Le débat met en jeu des compétences variées. Alors que beaucoup le pense exclusivement technique, c'est-à-dire mettant en oeuvre des raisons que l'intelligence personnelle examine et valide ou rejette librement, le débat est le champ d'autres forces qui comprennent la domination de l'autre, la soumission à un système d'idées indiscutées, mal formulées et auxquelles on se laisse soumettre sans le vouloir. Lorsque l'on rencontre l'instinct de domination d'un interlocuteur, puissance souvent déterminée par un vulgaire mécanisme hormonal, on se trouve confronté à plusieurs possibilités. Particulièrement l'une d'entre elles consiste à admettre l'argument de l'interlocuteur dominateur dans le système d'"idées" vagues auquel on se soumet. L'autre croit alors avoir triomphé rationnellement, et je peux croire être d'accord avec lui.

Cette situation est très fréquente dans les discussions politiques.
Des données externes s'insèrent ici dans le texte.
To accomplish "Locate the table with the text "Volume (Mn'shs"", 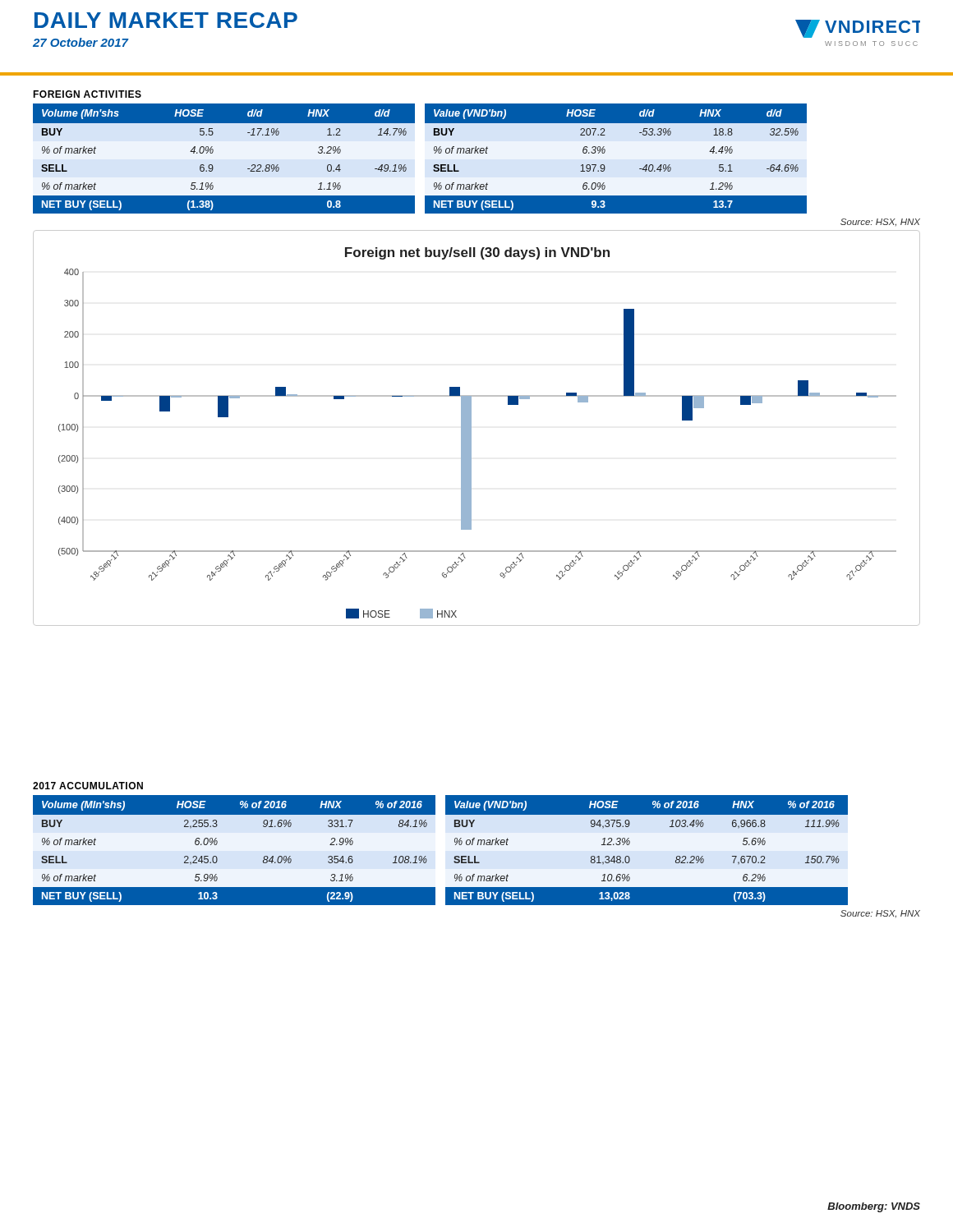I will [x=224, y=158].
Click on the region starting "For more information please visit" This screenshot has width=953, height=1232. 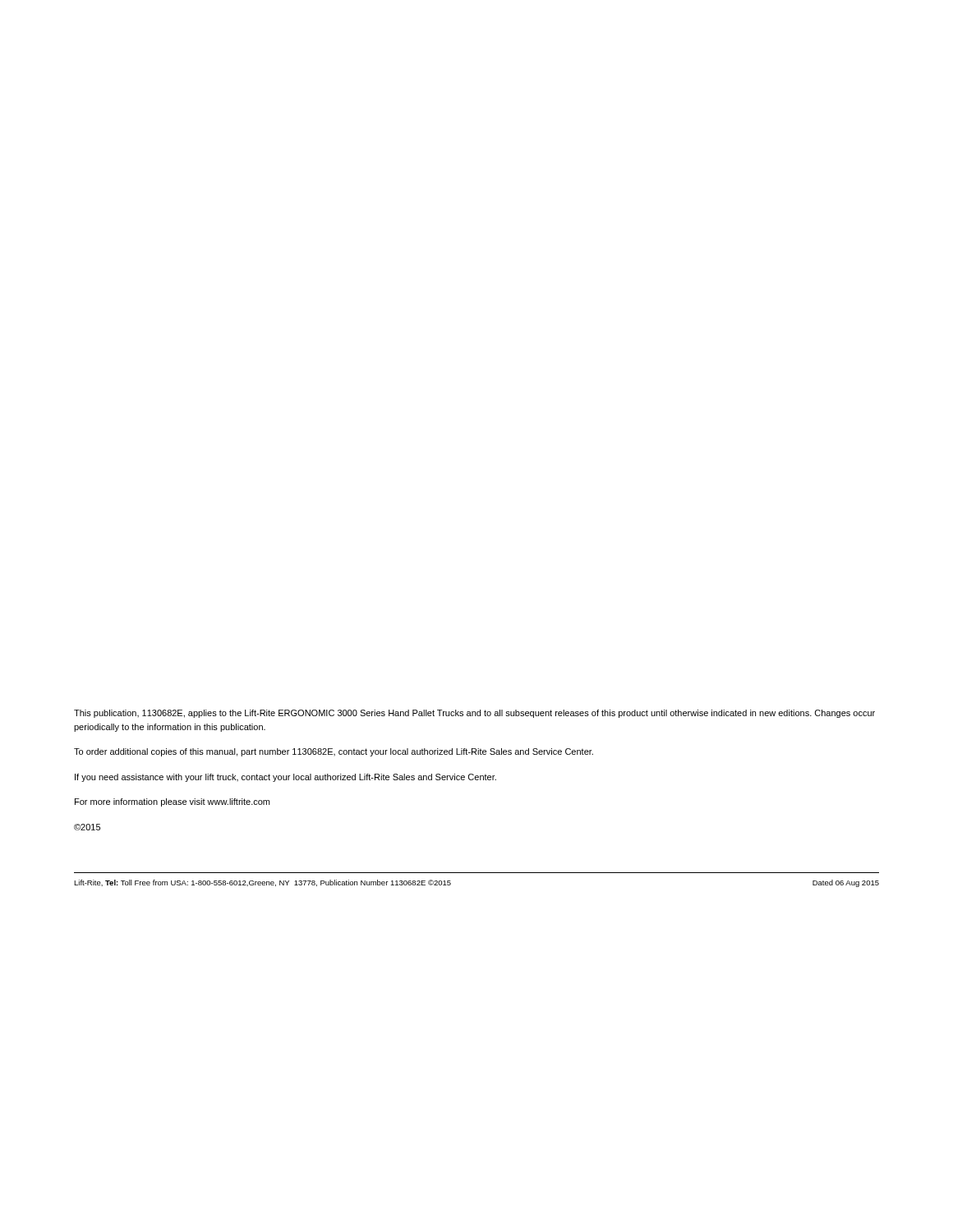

Un fanatique va souvent tenter d'identifier si votre système de "valeurs", ces idées vagues mal construites, peu critiquées, correspond au sien. Il va alors tenter de vous dominer en vous démontrant que l'argument qu'il vous présente appartient à ce système de valeurs que vous pensez "partager" et qu'il en résulte que vous n'avez pas le droit de ne pas être d'accord, puisque vous "partagez" son système de "valeurs".

Généralement, la virulence de l'interlocuteur vous avertit d'une situation dangereuse dans laquelle vous allez insidieusement vous soumettre. Vous ne savez pas trop pourquoi vous souhaiteriez exprimer un désaccord, une nuance. Vous sentez seulement, que "ça" ne va pas.

Et alors, vous vous mettez à haïr le dominateur, parce que vous savez que, même si vous trouviez un raisonnement pour contester son point de vue ou pour présenter votre nuance, ce que les circonstances vous rendent difficiles, vous sentez confusément que ce qui importe à votre dominateur, ce n'est pas que vous soyez d'un avis différent, c'est que vous vous soumettiez.

L'objet de la soumission est rarement la personne même du dominateur. Cela arrive dans de rares cas de paranoïa, fréquents cependant dans le milieu politique. Le plus souvent, le dominateur va se réfugier derrière le "système d'idées" vague et mal défini.

Le retraité, malgré sa nette supériorité intellectuelle et technique dans la discussion, a été dominé par l'animateur pour des raisons purement physiologiques. Son dilemne se résumait à se soumettre ou à dire qu'il n'aimait pas son dominateur. C'est la seconde solution qu'il suivit, emporté par le dégoût devant l'impensé du système de "valeurs" qui se révélait derrière l'aggression du dominateur.

Bien entendu, cette situation est l'une des plus détestables qui soient.